Prove that $\lim\sup a_n\leq \sup a_n$

Question

So here's one question which I came across some time ago.

Given any sequence $a_n$ in $\mathbb{R}$, I need to show that $\lim\sup a_n\leq\sup a_n$.

My approach: As the sequence $a_n\in\mathbb{R}$, thus to talk about the $\lim\sup a_n$, I assumed that $a_n$ is bounded. I defined $$b_n:=\sup\{a_k:k\geq n\}$$ i.e. $$\begin{align}b_1&=\sup\{a_1,a_2,...\}\\b_2&=\sup\{a_2,a_3,...\}\\b_3&=\sup\{a_3,a_4,...\}\\.&\\.\end{align}$$ Now, I can say that $<b_n>$ is a decreasing sequence. Thus, we have, $b_1\geq b_2\geq b_3\geq ...$ and so on.

Now, like we had defined $b_n$, we get that, $\sup a_n=b_1$.

I then did this: $$\sup b_1=\sup\{b_1,b_2,...\}\geq\inf\{b_1,b_2,...\}\implies\sup a_n\geq\lim\sup a_n$$ The reason why I did this is because $<b_n>$ is a decreasing sequence. But I am a bit doubtful if I can write $\sup b_1=\sup\{b_1,b_2,...\}$. Can anyone please verify this?

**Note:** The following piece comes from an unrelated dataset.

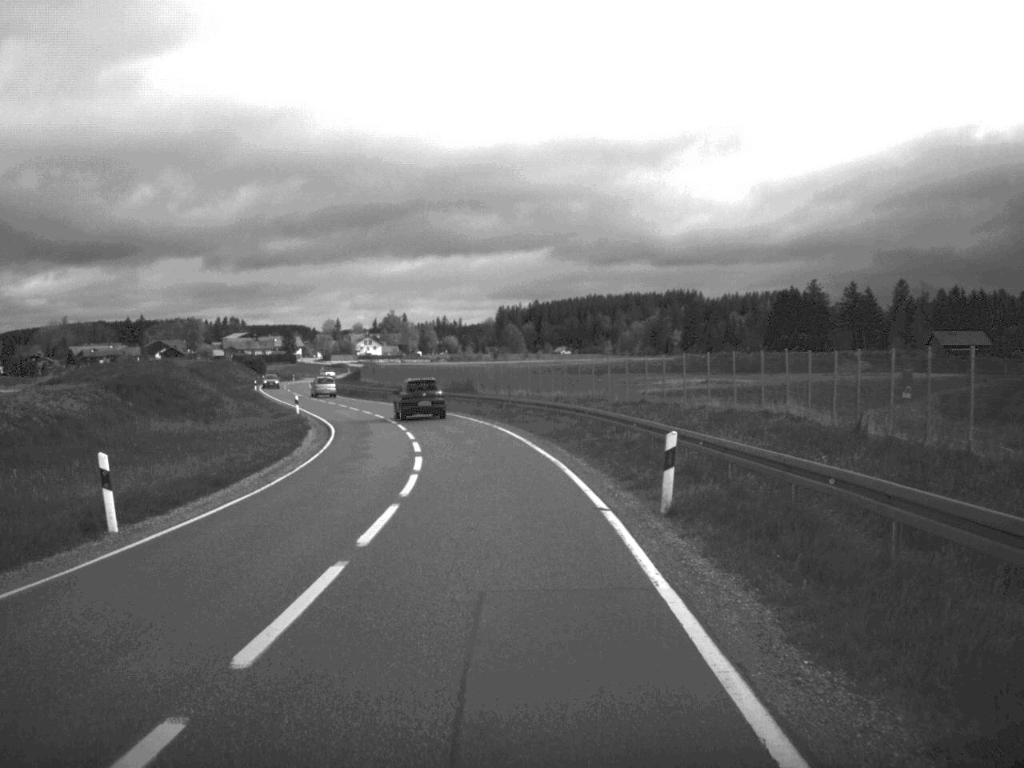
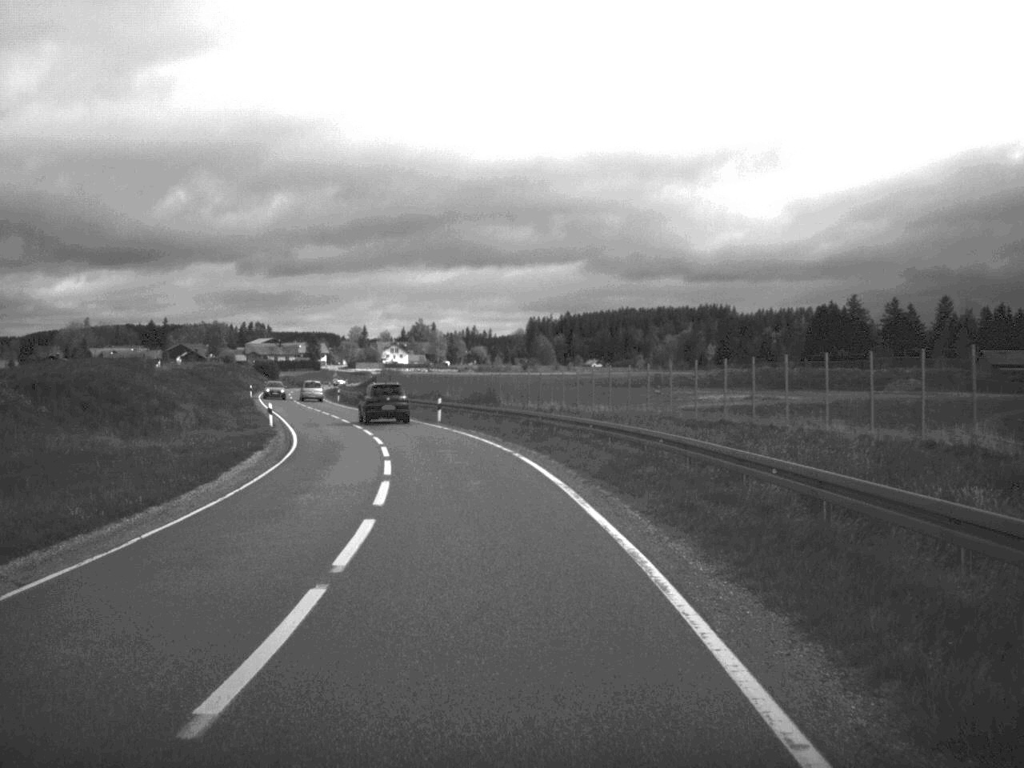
(-0.1, +13.5) m; -1°
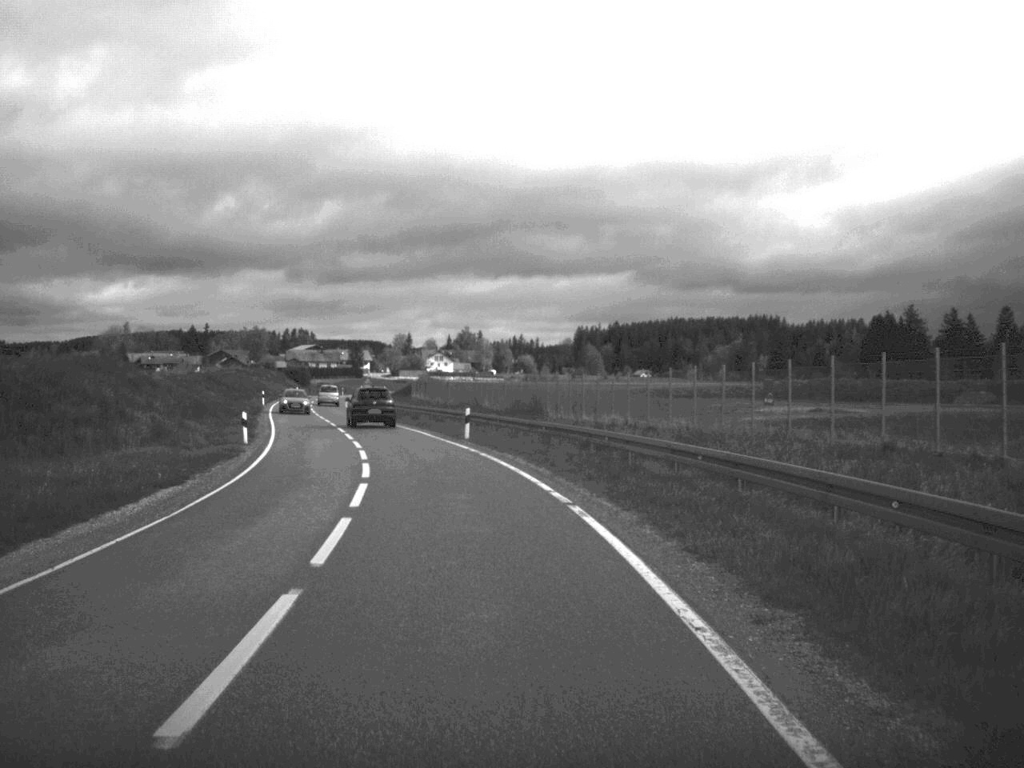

Also, is there any alternate way of proving this inequality? Any help would be very much appreciable.

Answer 1

For an easier proof : For all $n\in\mathbb N$,$$\sup_{k\geq n}a_k\leq \sup_{m\in\mathbb N}a_m.$$ taking $n\to \infty $ yields the wished result.

Answer 2

The following are just some ideas, I think a similar argument works but it seems iffy/wrong:

If $\lim \sup a_{n} > \sup a_{n}$, then $\lim \sup a_{n} - \sup a_{n} > \epsilon_{1}$ for some $\epsilon_{1} > 0$.

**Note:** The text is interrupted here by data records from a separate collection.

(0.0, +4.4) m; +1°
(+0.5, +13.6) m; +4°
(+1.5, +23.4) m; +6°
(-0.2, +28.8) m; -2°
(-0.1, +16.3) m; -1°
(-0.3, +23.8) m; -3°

By definition $\lim \sup a_{n} = L$ such that $|\sup a_{m} - L| < \epsilon$ for every $\epsilon > 0$ where $m \geq n$.

For this last inequality set $\epsilon := \epsilon_{1}$.

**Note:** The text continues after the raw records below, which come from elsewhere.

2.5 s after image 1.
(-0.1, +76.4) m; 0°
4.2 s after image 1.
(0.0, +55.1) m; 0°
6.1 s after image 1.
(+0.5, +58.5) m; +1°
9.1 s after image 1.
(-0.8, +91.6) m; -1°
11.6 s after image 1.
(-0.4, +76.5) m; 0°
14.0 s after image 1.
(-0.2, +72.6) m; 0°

Then $|\sup a_{m} - L| < \epsilon_{1}$ and $L - \sup a_{n} > \epsilon_{1}$ so that $|\sup a_{m} - L| < L -\sup a_{m}$

By supposition we had that $L = \lim \sup a_{n} > \sup a_{n}$ so that $|\sup a_{m} - L| = L-\sup a_{m} < L -\sup a_{m}$, a contradiction.

Therefore it must be that $\lim \sup a_{m} < \sup a_{m}$.